Harry Warbeck glanced over from where he was sitting next to Marlene Mckinnon and raised his eyebrow, then turned back to Marlene and whispered, “Maybe next class we move to a different table further from them, ‘ey?”

Marlene’s lips twitched.

Once James got his bloody sleeves rolled up, Lily had hoped his annoyingness would be over, but instead it only got worse because he was cutting up his figs and leaning over the table and Lily tried not to watch the way his hair would slid over his forehead and in a clump, eventually annoy him hanging there, and he’d toss his neck so the fair would flip back off his forehead. He’d do it repeatedly if he had to, because apparently pushing it up with his hand was just too much work or something.

She didn’t know why this annoyed her, either.

“Seriously.

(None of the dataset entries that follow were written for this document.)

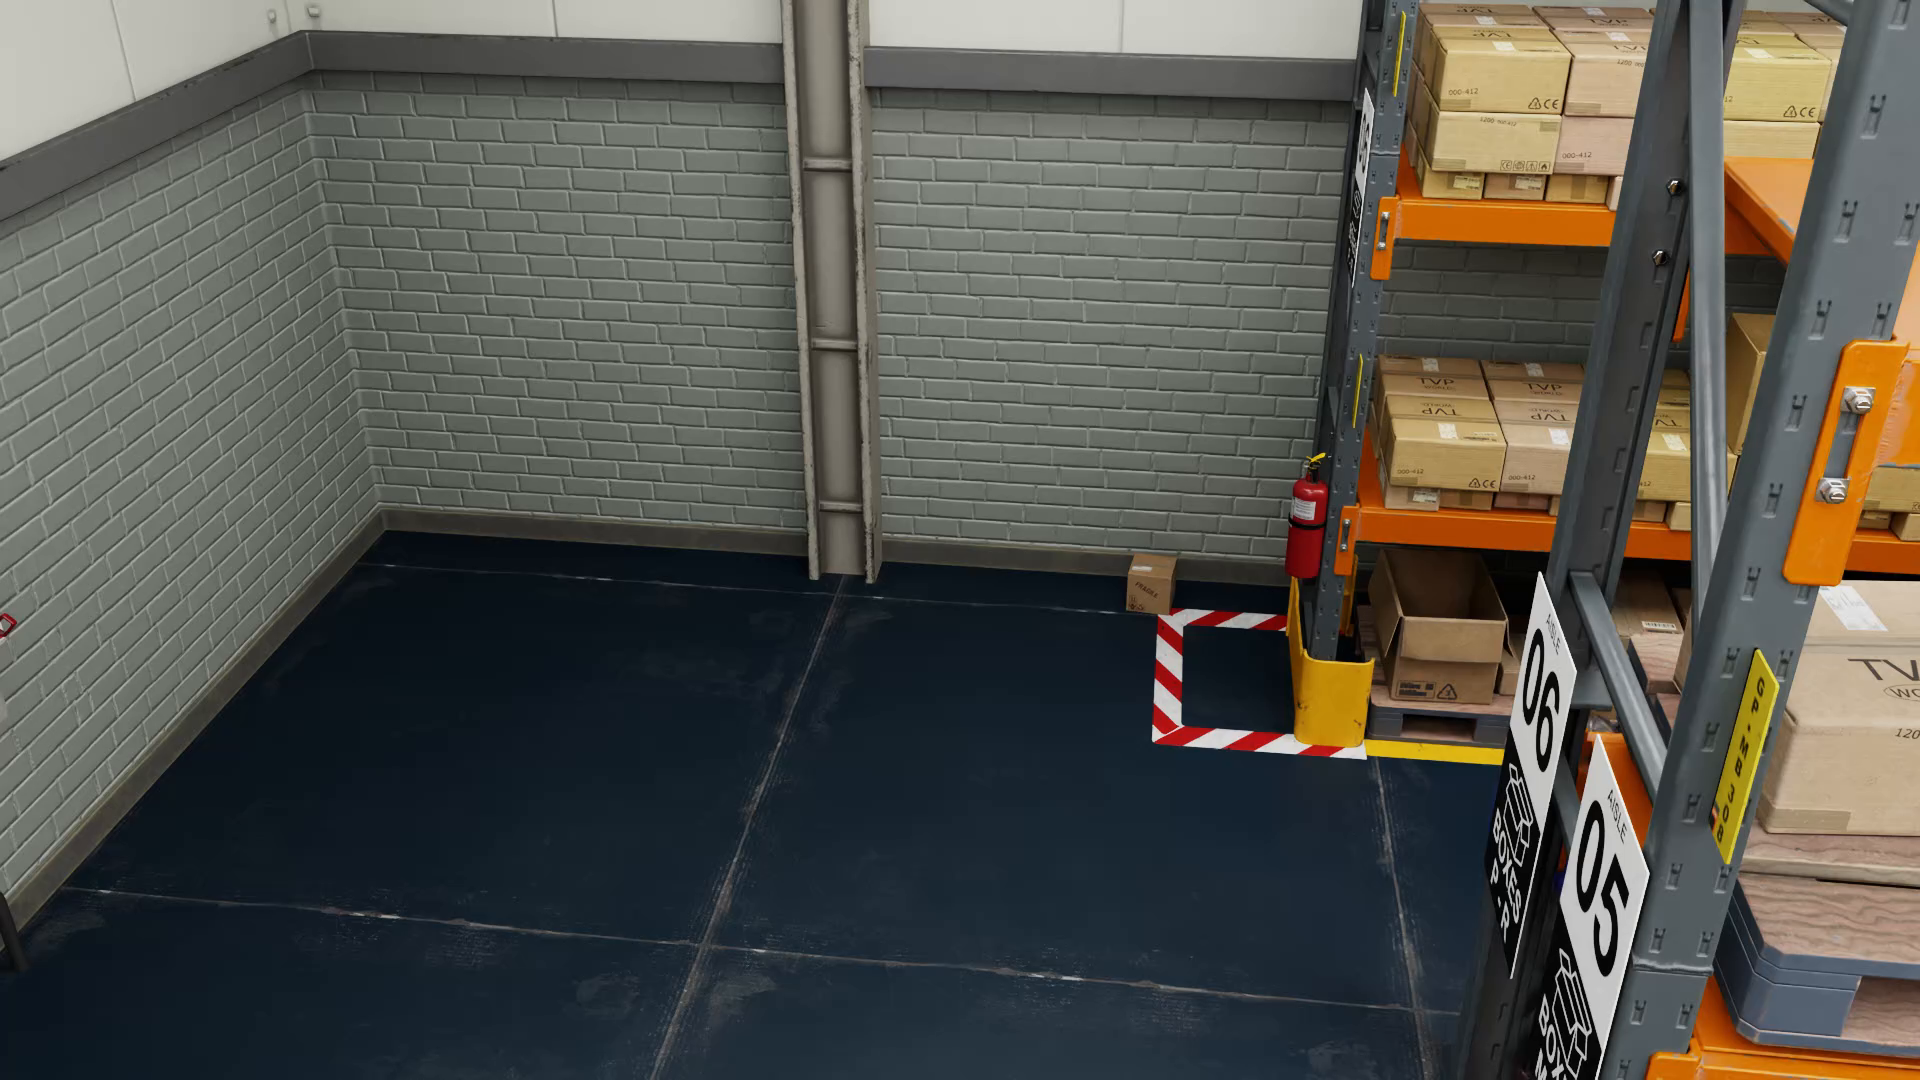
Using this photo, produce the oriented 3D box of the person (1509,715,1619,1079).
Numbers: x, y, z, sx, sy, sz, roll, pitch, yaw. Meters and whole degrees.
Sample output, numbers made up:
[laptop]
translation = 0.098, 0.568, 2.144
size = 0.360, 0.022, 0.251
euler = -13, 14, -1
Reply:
[person]
translation = 2.249, 1.396, 6.073
size = 0.435, 1.651, 0.445
euler = -23, 36, -35
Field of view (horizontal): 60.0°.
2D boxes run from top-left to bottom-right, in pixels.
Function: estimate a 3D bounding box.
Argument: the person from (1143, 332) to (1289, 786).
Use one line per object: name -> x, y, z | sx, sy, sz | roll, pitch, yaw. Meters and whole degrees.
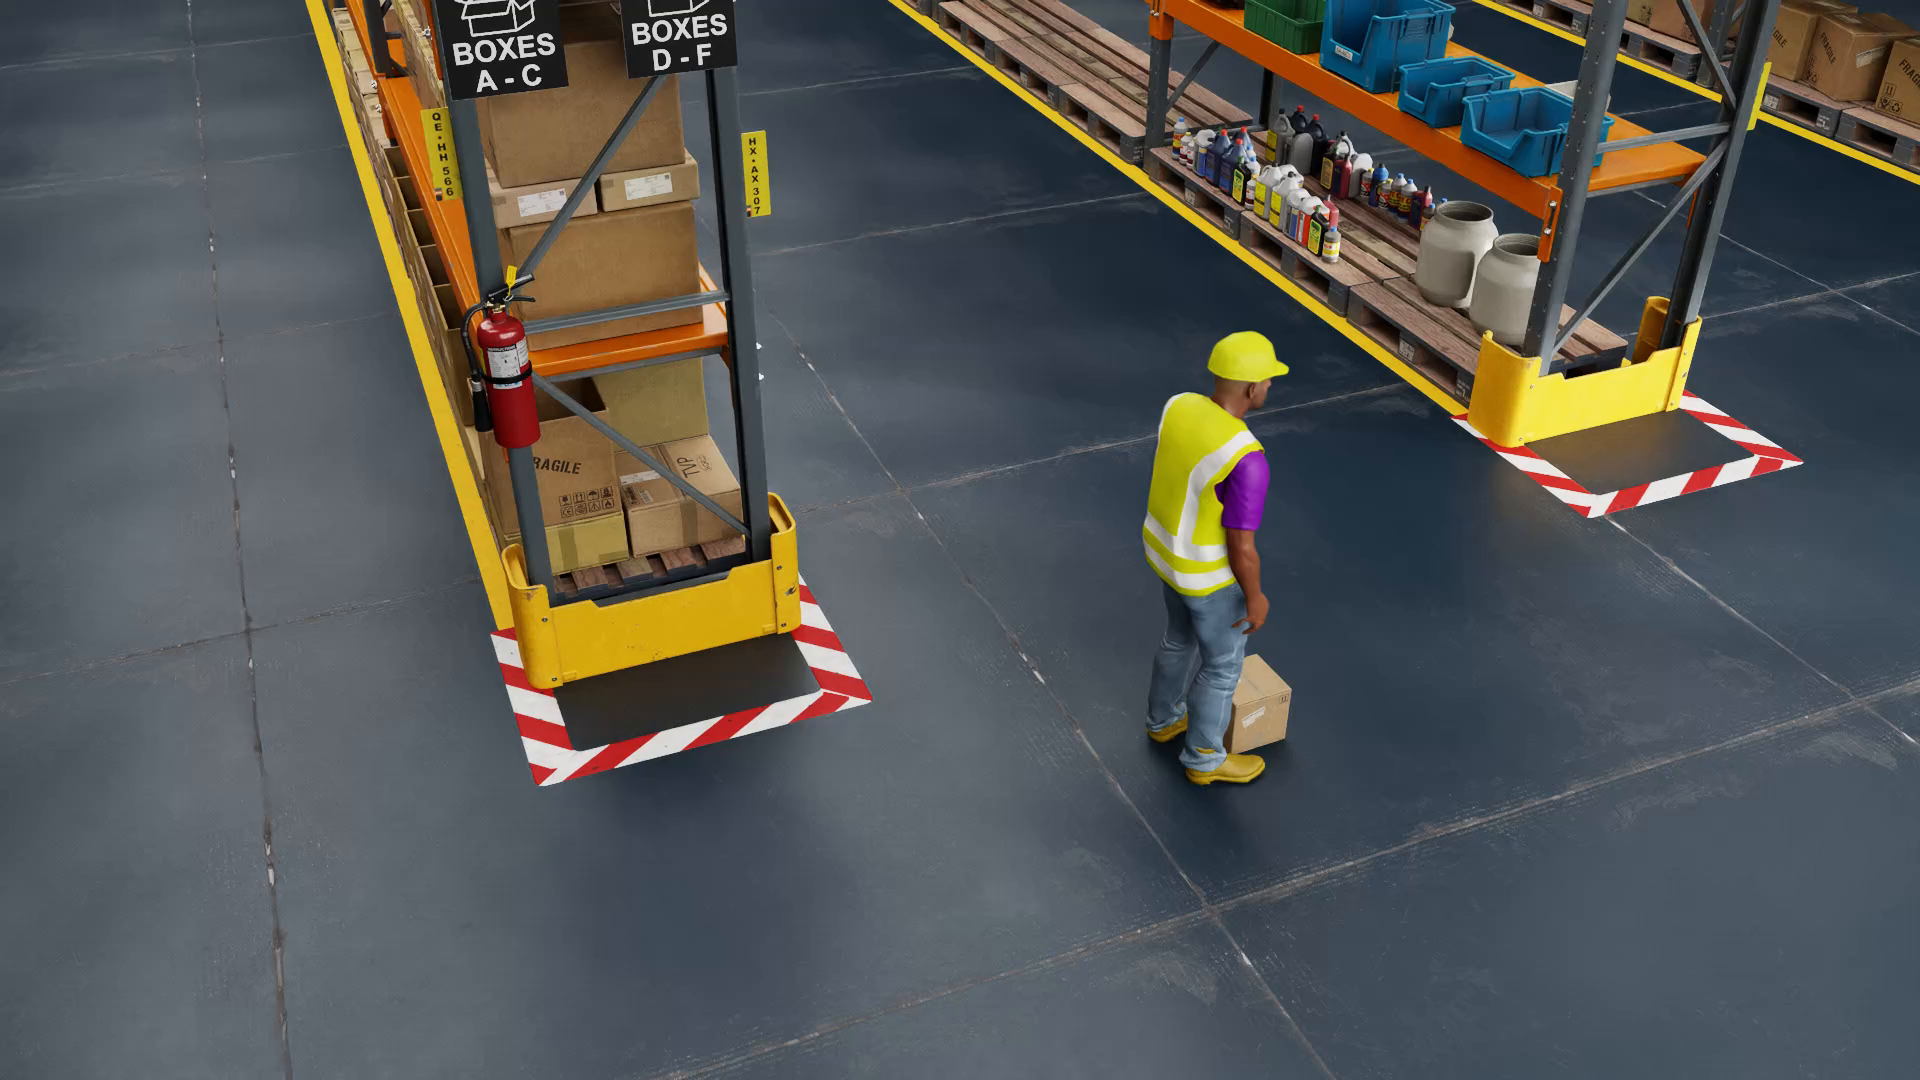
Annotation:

Must you?” she repeated.

“Must I what?” he asked, completely oblivious to what he was doing to drive her crazy. He looked over at her, his glasses slipping over his nose. He used his wrist bone to push them back up, his fingers covered with fig juice.

She sighed. “Forget it.”

James stared at her for a few moments as she continued on with her work. He rolled his eyes, “Bloody hell, it’s a good thing we’re brewing euphoria,” he muttered, “You could use it.”

“Excuse me?” she looked over at him.

“I said you could use to be a bit happier.”

She stared at him.

He turned away, muttering something under his breath.

“What?” she demanded.

James looked back at her. “I said you’d think you were a werewolf because you seem to be having a time of the month,” he repeated louder. She stared at him. “Sorry,” he muttered, and he turned away again.

“If you ask me, you could use some of this elixir yourself,” Lily snapped.

They continued on bickering as they worked and at the end of the class, everyone dispersed quickly. James overheard a Ravenclaw girl whispering to a Hufflepuff boy, “I can’t believe we have to listen to those two all term!”

Lily went up the stairs ahead of him, her face red.

James walked sullenly behind her.

Halfway up, she stopped and turned around, waiting for him to catch up. He stopped two steps below her, staring up at her.

“What is wrong with you?” she demanded, “Why were you being like that?”

“Why was I being like that?” James asked, “Everything I did you made a big show of saying how annoying I was for it.”

“You were trying to annoy me.”

“By rolling up my sleeves?”

“Almost hitting me in the face.”

“I didn’t mean to do that.”

“Right.”

“Well if it bothered you then maybe you shouldn’t have had your face so bloody close to my arm,” he said.

Lily said, “Sorry. Next time, I’ll make sure there’s, like, five meters between us!”

James stepped around her and started up the steps again. “Probably best - maybe you won’t be able to be annoyed by me when I’m five meters away.” His voice shook slightly, and he hurried to pass her.

“Potter,” she said and she went after him. “Is this about Saturday?”

“No,” he said, voice sharp.

But whatever he said, he had a feeling that it really was.